KAIO was formerly known as Libre Capital, which is essentially an infrastructure builder creating underlying protocols for real-world assets. Its core goal is to build a sovereign application chain aimed at solving compliance, liquidity, and interoperability challenges faced by institutional funds when onboarding assets to the blockchain. It does not issue assets directly but provides technical infrastructure for large asset management firms to distribute products on-chain through compliant tokenization structures.

Currently, its platform hosts fund products from BlackRock, Brevan Howard, and Hamilton Lane, deployed across multiple networks such as $SUI, $SOL, and $BASE. The platform has processed over $500 million in total transaction volume, with tokenized assets totaling about $100 million. By embedding regulatory rules into on-chain code, it has successfully lowered the investment threshold for institutional funds to the minimum of $100 for qualified investors. In February this year, it also launched a yield token product called KASH, which bundles blue-chip funds from institutions like BlackRock.

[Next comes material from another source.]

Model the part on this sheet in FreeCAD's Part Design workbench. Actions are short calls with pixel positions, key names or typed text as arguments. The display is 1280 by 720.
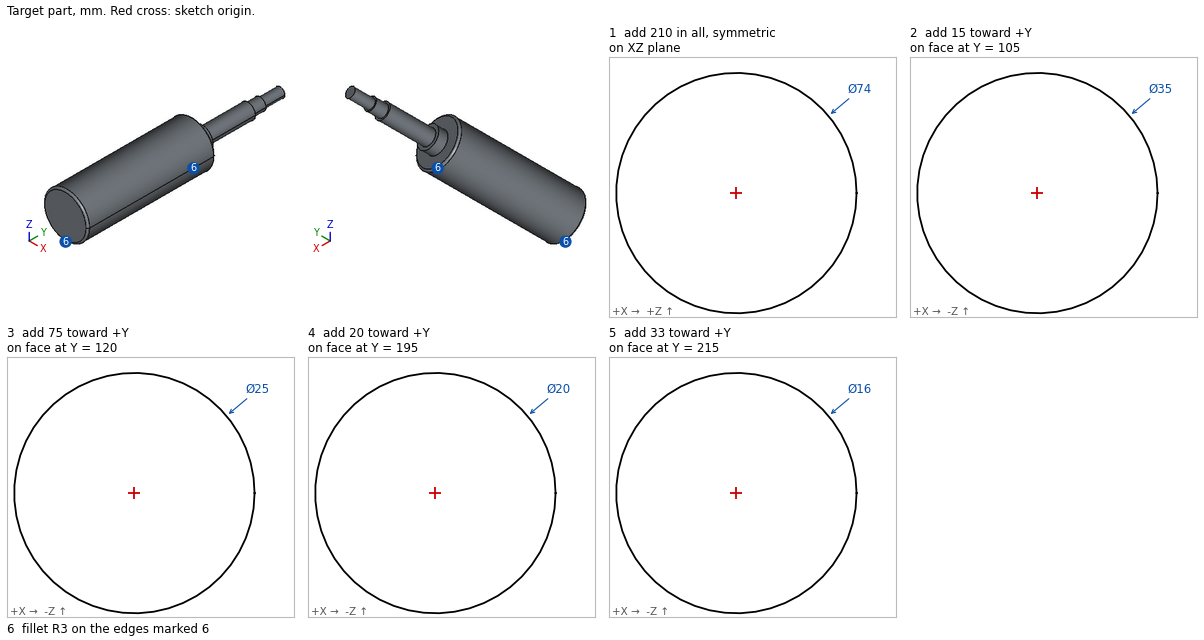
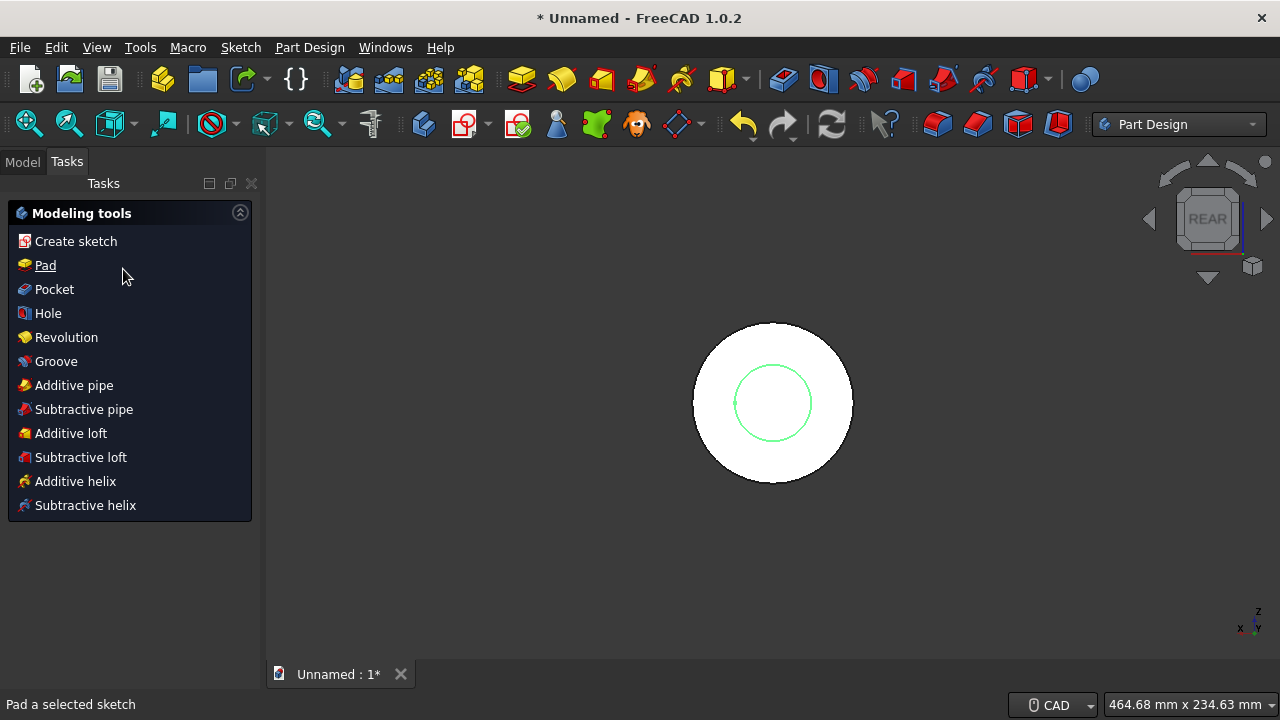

KAIO’s team has a background spanning traditional finance and the crypto space. CEO Shrey Rastogi previously focused on capital markets infrastructure research at McKinsey, while COO Olivier Dang has over ten years of experience at Nomura Securities and served as venture capital head at its digital asset subsidiary Laser Digital. This diverse background is key to connecting with mainstream financial institutions.

Tether’s involvement is directly related to its massive scale. Shortly after KAIO announced its funding, the market cap of $USDT reached a record high of approximately $188 billion. Meanwhile, the total global stablecoin market cap first surpassed $320 billion, indicating a rapid expansion in on-chain liquidity demand.

According to Tether’s report as of 2025, its total reserve assets amount to about $192.88 billion, with liabilities around $186.54 billion, resulting in an excess reserve of approximately $6.4 billion. Over 70% of the reserves are in U.S. Treasuries and repurchase agreements. Throughout 2025, Tether recorded net profits exceeding $10 billion, providing a solid financial foundation for its strategic investments. Its goal may be to channel the liquidity of $USDT into regulated products like BlackRock money market funds tokenized via the KAIO platform.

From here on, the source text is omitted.